I agree with Dr Adshead that root cause analysis (RCA) does not necessarily add anything to the investigation process after an adverse event, in terms of determining causation, other than making it systematic and comprehensive. What is not made clear in our article is that RCA is not a means to an end in itself. The aim of RCA is the development of improved safety systems in patient care, which compensate for human error. The philosophy behind RCA is that human beings make unintentional errors and they will continue to make errors in future. The aim of the investigation phase in RCA is to determine where errors have occurred and their root cause. This information is used to design improved safety systems (e.g. barriers) to prevent any harm caused by similar errors in future. The intention of locating the errors is not in order to blame or discipline individuals.

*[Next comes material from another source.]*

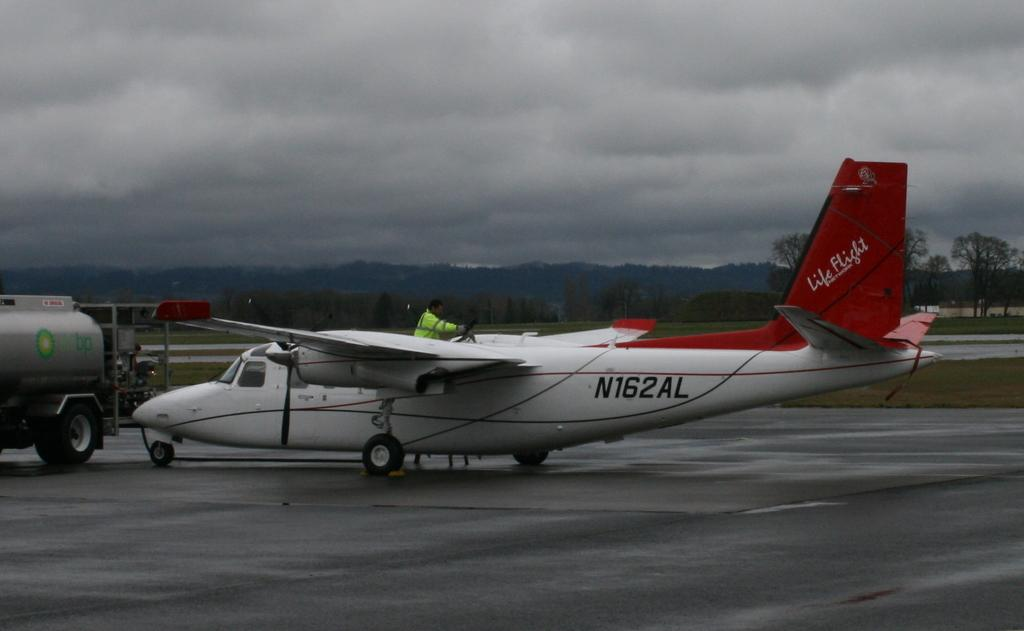Provide a one-sentence caption for the provided image. A Life Flight aircraft sits on a wet runway under a cloudy sky. 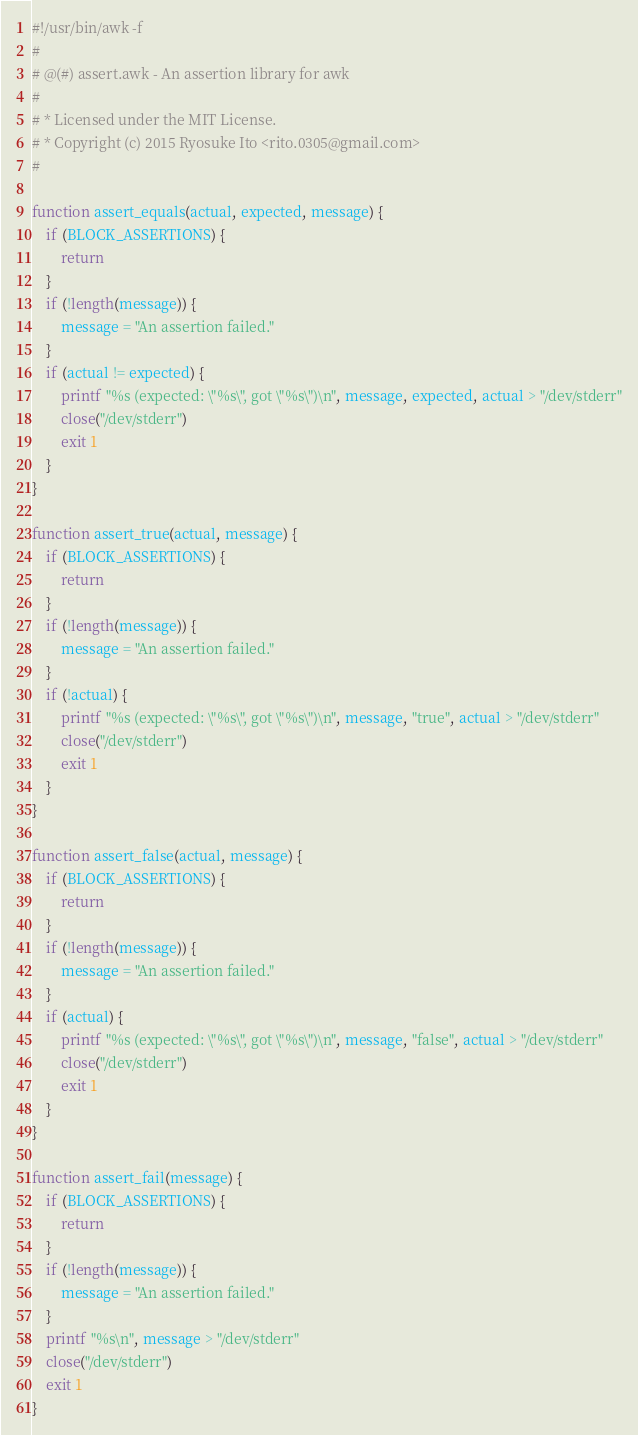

With this in mind, the strength of the causal relationships, alluded to by Dr Adshead, is probably not of such importance to the individual as it was with the inquiries held under the auspices of HSG(94)27. The worst that can happen, after a flawed RCA, is the design of a redundant patient safety system. Staff who are found to have made an unintentional error may be upset if they feel wrongly criticised, but they can be reassured that they are never going to be the focus of the investigation or the outcome. It is extremely important that healthcare staff are made aware of the blameless nature of these RCA investigations or the cultural shift that is required to bring about the open reporting of errors (as occurs in the aviation industry) will never occur.
Declaration of interest
L.A. Neal is working with the Emergency Care Research Institute (a non-profit patient safety organisation) collaborating with the Department of Health to introduce root cause analysis into the National Health Service.